**MATERIAL PROVIDED:**
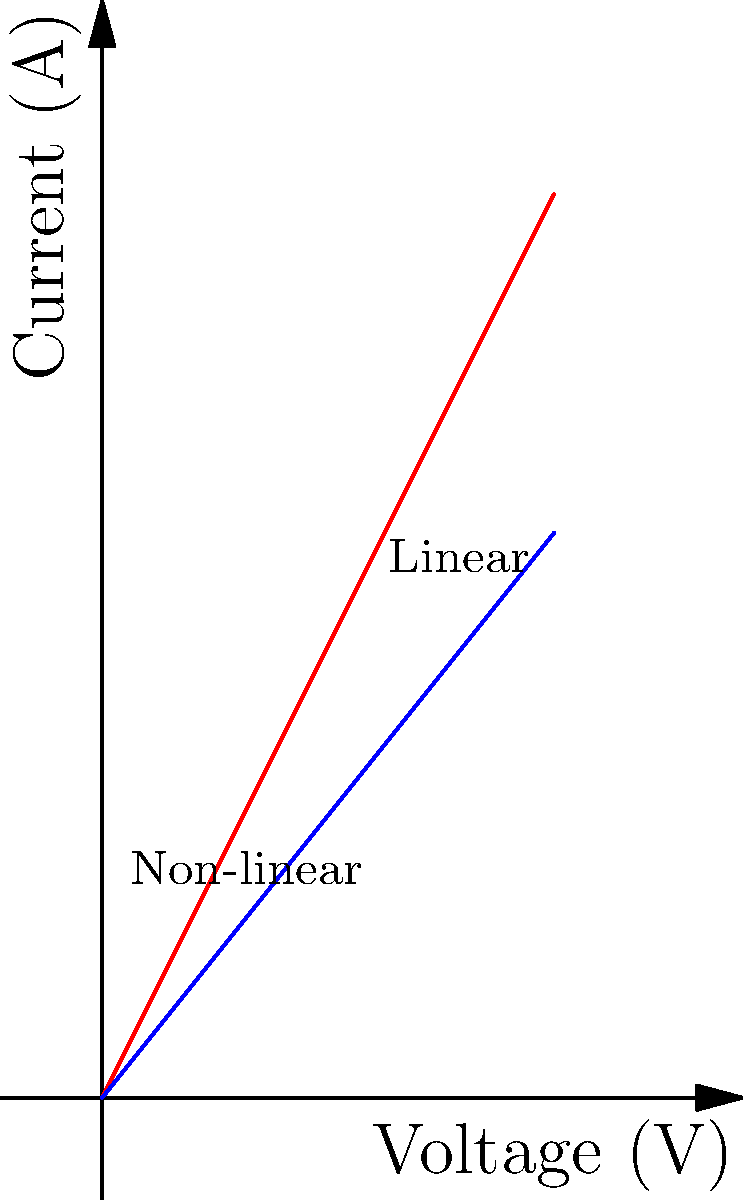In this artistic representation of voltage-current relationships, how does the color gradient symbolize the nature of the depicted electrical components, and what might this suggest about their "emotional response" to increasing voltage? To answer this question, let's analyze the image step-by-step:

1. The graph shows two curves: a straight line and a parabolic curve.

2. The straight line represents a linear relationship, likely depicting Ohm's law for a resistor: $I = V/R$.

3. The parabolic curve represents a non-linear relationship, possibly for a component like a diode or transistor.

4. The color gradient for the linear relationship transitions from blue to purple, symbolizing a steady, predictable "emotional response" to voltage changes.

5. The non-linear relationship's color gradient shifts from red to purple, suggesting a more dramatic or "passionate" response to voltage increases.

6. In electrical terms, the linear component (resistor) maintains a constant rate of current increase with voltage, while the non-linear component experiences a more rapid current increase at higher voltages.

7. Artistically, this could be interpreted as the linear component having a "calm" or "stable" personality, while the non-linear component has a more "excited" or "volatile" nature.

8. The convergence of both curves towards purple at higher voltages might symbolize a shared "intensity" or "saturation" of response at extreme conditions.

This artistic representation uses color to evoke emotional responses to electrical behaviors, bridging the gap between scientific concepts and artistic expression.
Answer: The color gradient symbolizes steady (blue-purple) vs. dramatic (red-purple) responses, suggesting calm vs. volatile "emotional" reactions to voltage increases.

--

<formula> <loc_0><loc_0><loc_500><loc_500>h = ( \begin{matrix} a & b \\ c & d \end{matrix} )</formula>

**WHAT YOU ARE ASKED TO DO:** Set down exactly the lines of the data above, beginning with the line that has "7. Artistically, this" and ending with the line that has "Answer: The color", and no others.

**TASK RESULT:**
7. Artistically, this could be interpreted as the linear component having a "calm" or "stable" personality, while the non-linear component has a more "excited" or "volatile" nature.

8. The convergence of both curves towards purple at higher voltages might symbolize a shared "intensity" or "saturation" of response at extreme conditions.

This artistic representation uses color to evoke emotional responses to electrical behaviors, bridging the gap between scientific concepts and artistic expression.
Answer: The color gradient symbolizes steady (blue-purple) vs. dramatic (red-purple) responses, suggesting calm vs. volatile "emotional" reactions to voltage increases.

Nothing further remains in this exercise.